The twenty-one attestation events split as expected: twelve PR-time hash-diff blocks (six log-only resolved by version bump, four log-only resolved by rollback, two reviewable due to contested version bump), eight runtime gate firings (five log-only stale-cache catches, three reviewable due to actual hash drift between manifest and running container), one quarterly empirical refresh that produced soft-drift signals on three contracts. The reviewable subset was therefore eight events: two contested version bumps, three runtime hash drifts, three soft-drift refresh signals. The contributing-factor pass on these eight produced two recurring attest-prefixed tags: attest-runtime-cache-skew (three occurrences from the runtime hash drifts) and attest-soft-drift-tone-stability (three occurrences from the empirical refresh signals on three different contracts). The other two events (the contested version bumps) produced single-occurrence tags that went to the carry-forward register.
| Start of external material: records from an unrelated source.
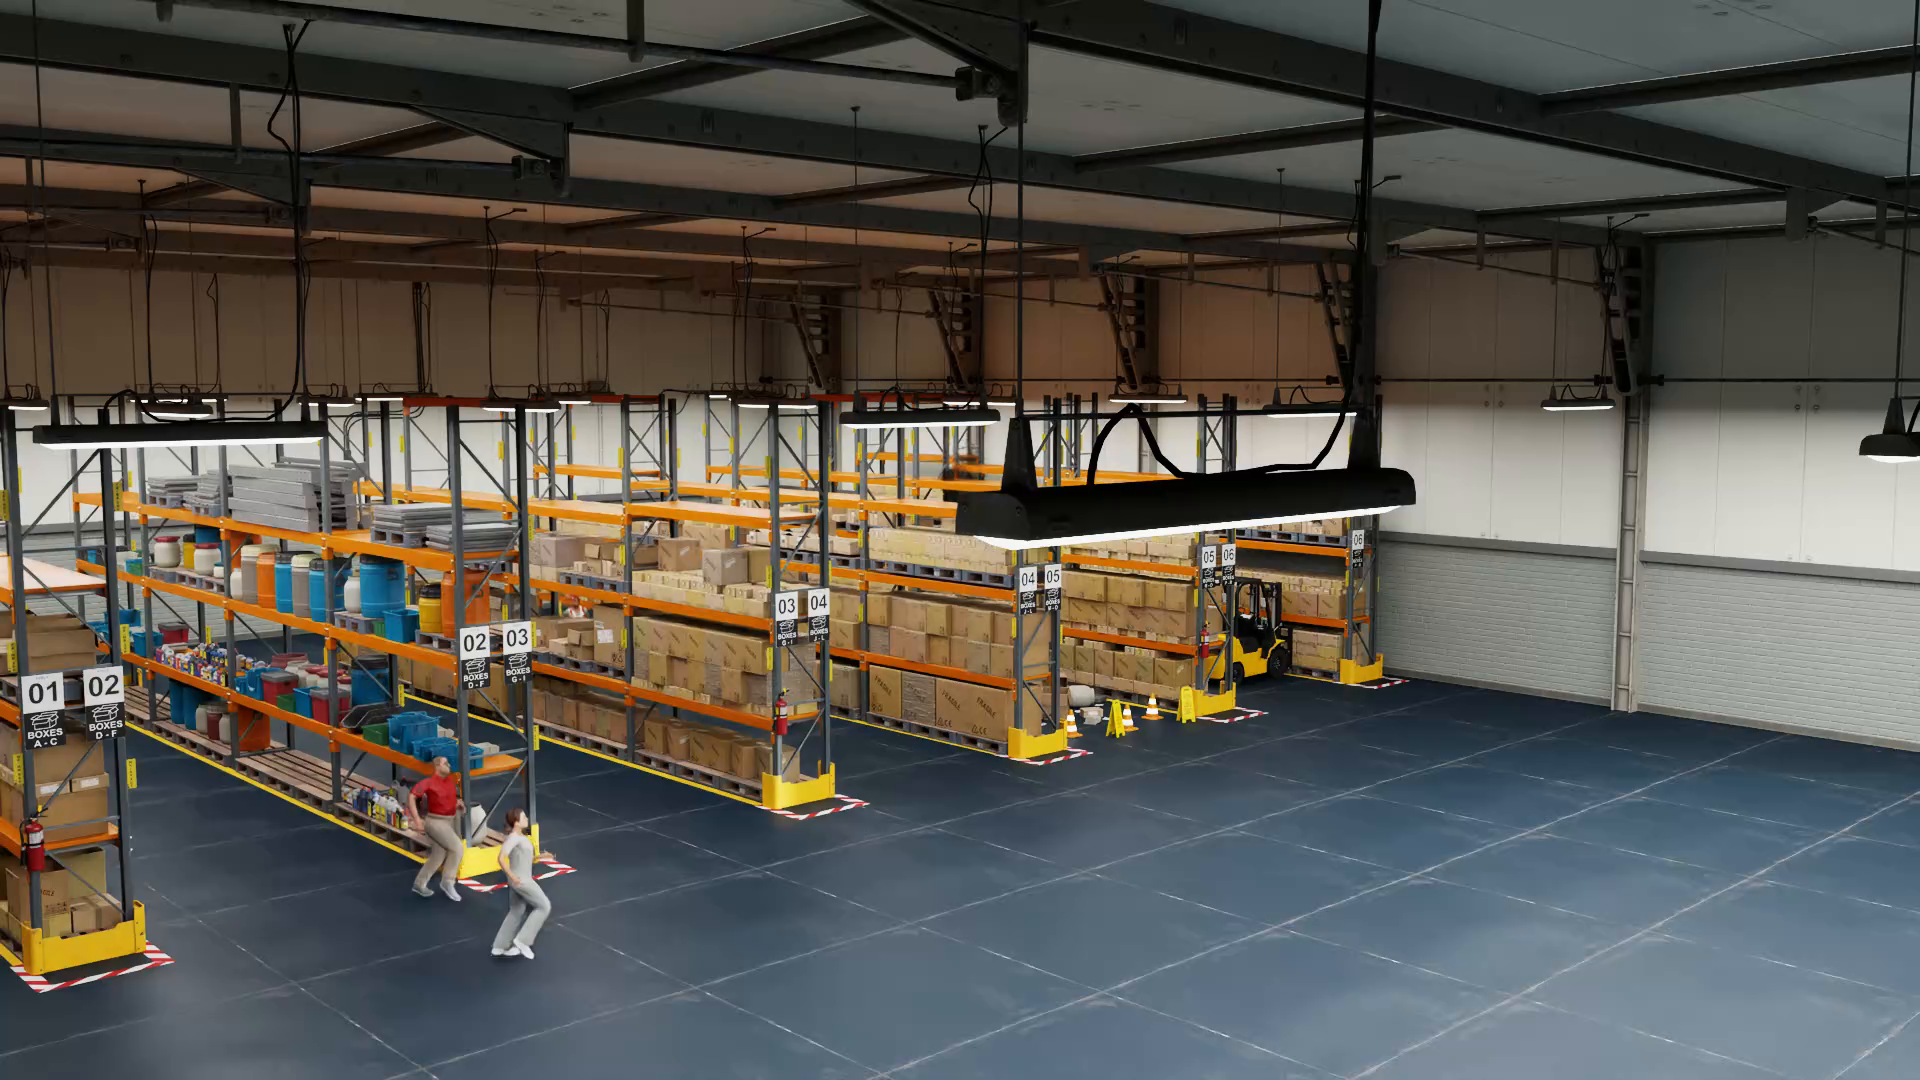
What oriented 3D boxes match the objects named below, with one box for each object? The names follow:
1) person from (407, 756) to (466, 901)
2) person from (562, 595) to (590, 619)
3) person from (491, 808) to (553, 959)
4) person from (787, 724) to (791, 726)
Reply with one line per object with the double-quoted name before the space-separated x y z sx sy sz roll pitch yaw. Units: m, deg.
"person" -6.354 3.515 20.402 0.691 1.707 0.660 1 6 8
"person" -8.205 2.029 35.583 0.651 1.756 0.619 -4 7 -34
"person" -4.783 3.743 18.154 0.682 1.666 0.538 -2 6 -18
"person" -3.335 2.540 30.413 0.589 1.721 0.690 3 6 31

The reconciliation pass took fifteen minutes and produced one cross-ledger promotion. incident-baseline-cache-stale from the postmortem side and attest-runtime-cache-skew from the manifest side both pointed to the same underlying contributing factor: the eval pipeline's runtime cache layer was producing stale baseline artefacts in some configurations. Neither tag was top-three on its own ledger. The cross-ledger rule promoted the conjunction to the top of the unified shortlist. The architecture commitment for the following quarter was a refactor of the runtime cache layer, which the team scoped at three engineering weeks and shipped six weeks later. The commitment would not have been surfaced by the postmortem ledger alone (it was fourth-place there), and would not have been surfaced by the manifest ledger alone (it was tied for first there, but the reconciliation pass is what made it top of the unified shortlist). The two-channel evidence is what produced the conviction to commit the engineering time.
The remaining commitments came from each ledger separately. From the postmortem side, the team committed to a retrieval-precision long-tail investigation (three engineering weeks) and a tool-call-latency-tail reduction project (two engineering weeks). From the manifest side, the team committed to a tone-stability soft-drift investigation, scoped as one engineering week of analysis with the deliverable being a recommendation for whether to tighten the tolerance on three contracts or accept the soft drift as a model-baseline shift rather than a corpus regression. The total commitment was nine engineering weeks for the quarter, against a postmortem-only retrospective baseline that historically produced six to eight commitment-weeks. The additional surface area paid for itself in the next-quarter retrospective by visibly reducing the runtime cache skew and by closing the soft-drift question.
flowchart TB
A["8 postmortems<br/>21 attestation events"] --> B["PM tags top 3"]
A --> C["AE reviewable<br/>= 8 of 21"]
B --> D["incident-retrieval-precision (4)"]
B --> E["incident-tool-call-latency (3)"]
B --> F["incident-routing-stale (3)"]
C --> G["attest-runtime-cache-skew (3)"]
C --> H["attest-soft-drift-tone (3)"]
D --> I["Standalone commit"]
E --> I
F --> I
G --> J["Cross-ledger match"]
H --> K["Standalone commit"]
J --> L["Promoted to top<br/>(matches incident-cache-stale)"]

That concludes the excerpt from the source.